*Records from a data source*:
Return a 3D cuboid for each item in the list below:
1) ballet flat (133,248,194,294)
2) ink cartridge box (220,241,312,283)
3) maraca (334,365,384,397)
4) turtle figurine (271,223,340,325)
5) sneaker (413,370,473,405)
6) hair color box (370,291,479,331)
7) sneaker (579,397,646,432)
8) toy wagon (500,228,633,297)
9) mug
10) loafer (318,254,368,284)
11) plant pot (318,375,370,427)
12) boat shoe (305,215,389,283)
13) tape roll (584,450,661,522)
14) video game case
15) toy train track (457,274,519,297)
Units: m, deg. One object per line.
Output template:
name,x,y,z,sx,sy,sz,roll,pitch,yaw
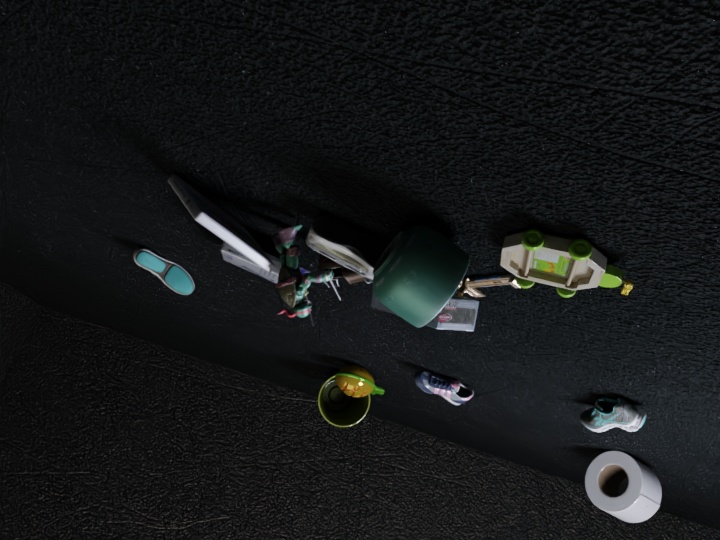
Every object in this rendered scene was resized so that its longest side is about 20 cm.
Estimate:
ballet flat,-0.562,-0.003,1.746,0.069,0.070,0.200,-5,144,48
ink cartridge box,-0.214,-0.010,1.373,0.199,0.041,0.200,23,171,-8
maraca,-0.003,0.403,2.172,0.200,0.107,0.137,33,154,-33
turtle figurine,-0.117,0.016,1.193,0.100,0.201,0.150,-18,-178,-39
sneaker,0.261,0.352,1.887,0.200,0.070,0.082,26,142,-23
hair color box,0.120,0.065,1.178,0.099,0.061,0.200,7,-176,-36
sneaker,0.630,0.361,1.569,0.091,0.078,0.200,40,152,-8
toy wagon,0.321,-0.006,0.953,0.199,0.040,0.155,13,159,16
mug,0.086,0.005,1.031,0.114,0.152,0.185,35,160,-7
loafer,0.000,0.000,1.212,0.199,0.071,0.073,6,156,32
plant pot,-0.079,0.498,2.399,0.200,0.201,0.193,23,171,-8
boat shoe,-0.006,-0.028,1.127,0.201,0.075,0.065,26,142,-5
tape roll,0.877,0.723,2.040,0.139,0.203,0.202,33,156,-32
video game case,-0.267,-0.090,1.173,0.200,0.024,0.182,41,-177,-43
toy train track,0.222,0.033,1.149,0.115,0.033,0.200,33,155,-31

*Task statement*: Every line above should be repeated exactly; pictures stay out of the copy.

*Output below*:
Return a 3D cuboid for each item in the list below:
1) ballet flat (133,248,194,294)
2) ink cartridge box (220,241,312,283)
3) maraca (334,365,384,397)
4) turtle figurine (271,223,340,325)
5) sneaker (413,370,473,405)
6) hair color box (370,291,479,331)
7) sneaker (579,397,646,432)
8) toy wagon (500,228,633,297)
9) mug
10) loafer (318,254,368,284)
11) plant pot (318,375,370,427)
12) boat shoe (305,215,389,283)
13) tape roll (584,450,661,522)
14) video game case
15) toy train track (457,274,519,297)
Units: m, deg. One object per line.
Output template:
name,x,y,z,sx,sy,sz,roll,pitch,yaw
Every object in this rendered scene was resized so that its longest side is about 20 cm.
Estimate:
ballet flat,-0.562,-0.003,1.746,0.069,0.070,0.200,-5,144,48
ink cartridge box,-0.214,-0.010,1.373,0.199,0.041,0.200,23,171,-8
maraca,-0.003,0.403,2.172,0.200,0.107,0.137,33,154,-33
turtle figurine,-0.117,0.016,1.193,0.100,0.201,0.150,-18,-178,-39
sneaker,0.261,0.352,1.887,0.200,0.070,0.082,26,142,-23
hair color box,0.120,0.065,1.178,0.099,0.061,0.200,7,-176,-36
sneaker,0.630,0.361,1.569,0.091,0.078,0.200,40,152,-8
toy wagon,0.321,-0.006,0.953,0.199,0.040,0.155,13,159,16
mug,0.086,0.005,1.031,0.114,0.152,0.185,35,160,-7
loafer,0.000,0.000,1.212,0.199,0.071,0.073,6,156,32
plant pot,-0.079,0.498,2.399,0.200,0.201,0.193,23,171,-8
boat shoe,-0.006,-0.028,1.127,0.201,0.075,0.065,26,142,-5
tape roll,0.877,0.723,2.040,0.139,0.203,0.202,33,156,-32
video game case,-0.267,-0.090,1.173,0.200,0.024,0.182,41,-177,-43
toy train track,0.222,0.033,1.149,0.115,0.033,0.200,33,155,-31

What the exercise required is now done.